Jennifer takes a cooking class tomorrow, complete with a morning visit to the local market. That's a great investment for someone who can taste the delicate flavor of star anise in the pho broth, and can make a wonderful dressing with a pinch of this and a dash of that. Since I treat cooking like a high-school chemistry class -- two teaspoons of this, one tablespoon of that -- I think I'll just stick to the cookbook. I know she hopes to get a better handle on the greens and noodles that are indigenous to this area -- Dori, your penchant for piquant salads and obscure noodles would find complete fulfillment here, as the market stalls devoted to noodles, vegetables and greens have bundles of this and that and stuff that I've never seen before ... and that's before we even get to the fruits. One fruit that we've come to enjoy has a white, crispy meat flecked with black specks. It's know as dragon fruit here, pitaya in the states, and, served cold and sliced, is delicious.

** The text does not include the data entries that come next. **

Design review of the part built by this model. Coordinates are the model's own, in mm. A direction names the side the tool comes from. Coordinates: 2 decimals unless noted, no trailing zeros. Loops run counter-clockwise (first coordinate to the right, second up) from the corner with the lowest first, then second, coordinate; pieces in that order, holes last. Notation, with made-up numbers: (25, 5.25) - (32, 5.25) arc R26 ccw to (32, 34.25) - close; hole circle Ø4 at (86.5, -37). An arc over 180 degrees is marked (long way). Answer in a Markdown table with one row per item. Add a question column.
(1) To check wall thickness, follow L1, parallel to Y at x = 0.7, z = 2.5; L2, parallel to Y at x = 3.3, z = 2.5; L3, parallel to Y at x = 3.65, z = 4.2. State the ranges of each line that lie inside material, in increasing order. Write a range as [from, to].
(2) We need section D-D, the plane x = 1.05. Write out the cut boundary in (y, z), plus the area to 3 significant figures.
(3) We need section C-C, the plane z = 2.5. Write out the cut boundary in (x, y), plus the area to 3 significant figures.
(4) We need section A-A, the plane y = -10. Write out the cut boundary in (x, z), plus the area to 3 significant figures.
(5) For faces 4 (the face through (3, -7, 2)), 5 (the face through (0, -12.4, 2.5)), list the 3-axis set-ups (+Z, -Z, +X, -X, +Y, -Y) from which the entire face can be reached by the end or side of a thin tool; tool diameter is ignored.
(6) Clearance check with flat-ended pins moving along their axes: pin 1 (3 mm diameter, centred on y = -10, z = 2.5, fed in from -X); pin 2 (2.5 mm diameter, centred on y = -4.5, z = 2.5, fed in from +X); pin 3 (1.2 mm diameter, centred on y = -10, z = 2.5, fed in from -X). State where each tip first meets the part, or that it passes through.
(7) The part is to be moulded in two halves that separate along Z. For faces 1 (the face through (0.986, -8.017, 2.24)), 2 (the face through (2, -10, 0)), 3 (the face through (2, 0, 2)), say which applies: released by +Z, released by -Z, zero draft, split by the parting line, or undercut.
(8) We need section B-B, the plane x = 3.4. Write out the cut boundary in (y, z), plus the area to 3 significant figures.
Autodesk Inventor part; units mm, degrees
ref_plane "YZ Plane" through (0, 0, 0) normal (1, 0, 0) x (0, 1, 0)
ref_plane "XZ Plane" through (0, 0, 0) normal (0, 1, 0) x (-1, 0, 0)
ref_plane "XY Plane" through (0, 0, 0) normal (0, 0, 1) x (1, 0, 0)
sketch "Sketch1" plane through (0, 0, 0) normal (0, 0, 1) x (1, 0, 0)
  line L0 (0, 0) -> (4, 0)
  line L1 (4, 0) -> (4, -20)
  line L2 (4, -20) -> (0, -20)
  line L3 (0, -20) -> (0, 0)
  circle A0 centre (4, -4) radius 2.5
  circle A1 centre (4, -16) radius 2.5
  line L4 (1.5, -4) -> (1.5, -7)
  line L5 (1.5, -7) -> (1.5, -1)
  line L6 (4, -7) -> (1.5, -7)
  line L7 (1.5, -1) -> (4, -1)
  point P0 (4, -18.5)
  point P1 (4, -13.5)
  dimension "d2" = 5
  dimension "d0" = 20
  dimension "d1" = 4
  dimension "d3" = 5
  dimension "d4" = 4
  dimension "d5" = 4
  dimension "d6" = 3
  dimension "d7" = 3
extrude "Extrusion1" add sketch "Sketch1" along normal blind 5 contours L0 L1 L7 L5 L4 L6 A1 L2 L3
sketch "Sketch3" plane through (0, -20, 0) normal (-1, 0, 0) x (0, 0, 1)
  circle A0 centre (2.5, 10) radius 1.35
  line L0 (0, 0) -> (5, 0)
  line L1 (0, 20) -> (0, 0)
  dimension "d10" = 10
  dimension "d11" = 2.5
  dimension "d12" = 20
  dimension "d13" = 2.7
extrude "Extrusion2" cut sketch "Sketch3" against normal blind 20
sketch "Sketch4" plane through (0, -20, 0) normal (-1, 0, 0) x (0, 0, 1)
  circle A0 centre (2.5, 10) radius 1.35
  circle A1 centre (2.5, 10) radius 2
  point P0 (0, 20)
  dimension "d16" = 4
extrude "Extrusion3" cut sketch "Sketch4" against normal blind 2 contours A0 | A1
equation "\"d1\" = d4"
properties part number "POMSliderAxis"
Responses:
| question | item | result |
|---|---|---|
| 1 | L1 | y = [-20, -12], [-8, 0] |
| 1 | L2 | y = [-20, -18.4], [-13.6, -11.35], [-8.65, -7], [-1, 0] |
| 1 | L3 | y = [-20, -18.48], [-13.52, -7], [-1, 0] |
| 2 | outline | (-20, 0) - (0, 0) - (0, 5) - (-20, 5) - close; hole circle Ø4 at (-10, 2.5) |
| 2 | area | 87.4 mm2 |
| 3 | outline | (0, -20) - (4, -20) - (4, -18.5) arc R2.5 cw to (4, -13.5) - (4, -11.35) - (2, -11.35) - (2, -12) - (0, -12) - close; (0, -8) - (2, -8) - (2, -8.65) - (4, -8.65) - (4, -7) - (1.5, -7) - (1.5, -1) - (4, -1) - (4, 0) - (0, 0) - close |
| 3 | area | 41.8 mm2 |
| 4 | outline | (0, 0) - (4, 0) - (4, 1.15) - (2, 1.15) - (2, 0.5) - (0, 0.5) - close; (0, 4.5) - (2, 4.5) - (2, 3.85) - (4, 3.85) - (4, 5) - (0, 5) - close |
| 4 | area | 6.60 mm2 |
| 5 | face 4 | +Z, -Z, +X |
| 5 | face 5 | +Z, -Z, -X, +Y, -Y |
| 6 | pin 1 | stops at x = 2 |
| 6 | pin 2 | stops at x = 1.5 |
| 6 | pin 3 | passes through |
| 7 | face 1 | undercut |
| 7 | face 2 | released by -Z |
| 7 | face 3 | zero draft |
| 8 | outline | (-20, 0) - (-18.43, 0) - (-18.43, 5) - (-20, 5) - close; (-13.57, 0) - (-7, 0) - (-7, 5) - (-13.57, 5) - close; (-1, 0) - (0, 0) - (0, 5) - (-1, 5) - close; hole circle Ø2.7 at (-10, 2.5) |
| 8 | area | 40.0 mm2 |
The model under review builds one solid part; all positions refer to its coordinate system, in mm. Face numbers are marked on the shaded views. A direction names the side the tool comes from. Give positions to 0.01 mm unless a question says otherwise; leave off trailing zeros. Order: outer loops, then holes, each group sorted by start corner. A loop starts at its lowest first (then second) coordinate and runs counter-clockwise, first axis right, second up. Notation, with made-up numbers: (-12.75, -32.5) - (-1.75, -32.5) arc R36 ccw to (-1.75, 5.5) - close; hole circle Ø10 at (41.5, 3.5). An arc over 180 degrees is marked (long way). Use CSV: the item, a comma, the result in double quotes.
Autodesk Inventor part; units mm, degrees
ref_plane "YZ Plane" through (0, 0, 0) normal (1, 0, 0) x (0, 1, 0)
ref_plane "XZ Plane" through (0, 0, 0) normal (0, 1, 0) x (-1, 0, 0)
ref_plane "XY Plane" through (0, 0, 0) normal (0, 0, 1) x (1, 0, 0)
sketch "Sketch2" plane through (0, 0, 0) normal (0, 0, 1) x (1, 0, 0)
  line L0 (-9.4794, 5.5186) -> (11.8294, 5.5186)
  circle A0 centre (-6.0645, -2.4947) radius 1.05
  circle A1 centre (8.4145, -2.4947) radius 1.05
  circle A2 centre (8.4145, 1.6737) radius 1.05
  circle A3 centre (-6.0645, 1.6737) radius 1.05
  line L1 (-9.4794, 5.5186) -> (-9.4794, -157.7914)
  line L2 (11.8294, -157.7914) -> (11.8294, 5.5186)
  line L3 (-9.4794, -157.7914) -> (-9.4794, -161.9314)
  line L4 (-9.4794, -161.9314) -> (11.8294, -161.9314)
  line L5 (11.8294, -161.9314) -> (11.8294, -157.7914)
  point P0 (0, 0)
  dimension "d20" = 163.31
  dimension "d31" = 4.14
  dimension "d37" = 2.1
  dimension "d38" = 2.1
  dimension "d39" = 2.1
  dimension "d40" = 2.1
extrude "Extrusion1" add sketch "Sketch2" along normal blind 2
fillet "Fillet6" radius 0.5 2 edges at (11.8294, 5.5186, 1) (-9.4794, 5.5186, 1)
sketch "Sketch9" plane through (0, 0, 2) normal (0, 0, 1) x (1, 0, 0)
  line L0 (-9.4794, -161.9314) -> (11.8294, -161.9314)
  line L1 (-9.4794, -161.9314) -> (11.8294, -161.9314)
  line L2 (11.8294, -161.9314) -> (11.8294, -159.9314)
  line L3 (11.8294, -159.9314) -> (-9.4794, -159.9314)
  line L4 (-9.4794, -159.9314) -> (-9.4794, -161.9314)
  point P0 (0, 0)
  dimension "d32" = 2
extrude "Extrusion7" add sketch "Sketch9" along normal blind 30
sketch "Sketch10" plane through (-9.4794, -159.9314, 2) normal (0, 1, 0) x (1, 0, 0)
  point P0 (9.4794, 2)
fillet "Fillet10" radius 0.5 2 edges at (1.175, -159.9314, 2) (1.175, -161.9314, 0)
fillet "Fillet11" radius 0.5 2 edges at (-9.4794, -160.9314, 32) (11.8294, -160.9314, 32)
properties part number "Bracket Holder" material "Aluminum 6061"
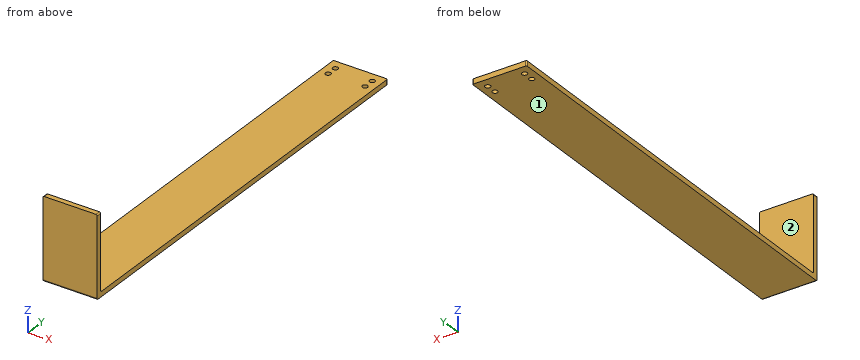
Item 1: Tool access review of the marked faces 1 and 2: name each direction out of +Z, -Z, +X, -X, +Y, -Y from which nothing blocks a thin tool from reaching the whole face with its end or side.
Results list:
face 1,"-Z, +X, -X, +Y, -Y"
face 2,"+Z, +X, -X, +Y"
Item 2: Take a section at B-B, the plane z = 4. Give the boundary of the cut face in (x, y), and give its area (3 significant figures).
Results list:
outline,"(-9.48, -161.93) - (11.83, -161.93) - (11.83, -159.93) - (-9.48, -159.93) - close"
area,"42.6 mm2"
Item 3: Clearance check with flat-ended pins moving along their axes: pin 1 (1.5 mm diameter, centred on x = 9.5, z = 5.5, fed in from +Y); pin 2 (1 mm diameter, centred on x = 2.5, y = -134, fed in from -Z); pin 3 (10.5 mm diameter, centred on x = -2, y = -107.5, fed in from +Z). State where each tip first meets the part, or that it passes through.
Results list:
pin 1,"stops at y = -159.93"
pin 2,"stops at z = 0"
pin 3,"stops at z = 2"
Item 4: Wall thickness on L1, parallel to Z at x = 2, y = -135; L2, parallel to Y at x = 0.75, z = 21: over which ranges is each line inside the solid? List them lowest first.
Results list:
L1,"z = 0 to 2"
L2,"y = -161.93 to -159.93"
Item 5: Take a section at C-C, the plane y = -118.5. Give the boundary of the cut face in (x, z).
Results list:
outline,"(-9.48, 0) - (11.83, 0) - (11.83, 2) - (-9.48, 2) - close"
Item 6: Take a section at A-A, the plane x = 2.25. Give the boundary of the cut face in (y, z).
Results list:
outline,"(-161.93, 0.5) arc R0.5 ccw to (-161.43, 0) - (5.52, 0) - (5.52, 2) - (-159.43, 2) arc R0.5 cw to (-159.93, 2.5) - (-159.93, 32) - (-161.93, 32) - close"

In Hoi An, which Vietnamese claim is one of the culinary capitals of the country despite its relative small size, there are several local dishes we've come to really enjoy, including the aforementioned cao lao, which boasts the local noodle, wheat-based, thick, and square in cross-section, parboiled with some bean sprouts and served in a bowl alongside a gathering of spicy greens (don't ask), and topped with a sauce (don't ask), a few slices of pork, and, yes, I can get this, a few drops of spicy fish oil. Another, banh bao vac, or, "white rose," features tiny dollops of shrimp wrapped in see-through rice-paper and steamed ever-so-briefly. Finally, and my favorite owing to its close resemblance to Doritos, is the local version of fried wontons, where two large sheets of thin dough are laid offset, with a small piece of meat or crab between the sheets, and then flash fried to form a 4" x 4" flat chip of sorts. Served 4 to a plate, and sprinkled with some diced bits of tomato, cilantro (I had to ask Jennifer), and cucumber, it's the local version of nachos .... yum

No discussion of food in Vietnam would be complete however, if I didn't mention that we have found ourselves longing for pizza and hamburgers on a weekly basis, and thus break stride with our efforts to stay local by visiting a local restaurant that serves up some Western food. I mentioned to Jennifer the other day, after enjoying some local food that featured marinated pork and chicken over a barbecue, that a Texas-style BBQ would probably be a big hit here, as long it was served on tiny tables with short chairs.

We've loved the food here in Vietnam -- even if I can't describe most of what I see in the markets. I especially love the colors and sights and sounds of the market; the schizophrenic mix of raw food vendors who don't give a damn about Westerners, contrasted with the finished food vendors who live and die by our purchases; and the overhanging tarps and the food scraps and leaves underfoot. I love the morning energy of the markets, and the afternoon lethargy. I love the small clusters of bored or satisfied vendors that gather to play cards on greasy sheets of cardboard, and I love the shoulder-to-shoulder masses of locals that rely on these markets for their daily sustenance.

I love it all, believe me I do, just don't ask me what anything is, and don't ask me what's in any of the dishes I eat. For that, I need the two of you, Dan and Dori, to partner with Jennifer, and together I'm sure you three could help guide a simple palate through this complicated culinary terrain. Perhaps one day, we make a collective return trip to this part of the world? Until then, I miss you both tons, and please give a great big hug to Louisa and Izzy from both of us.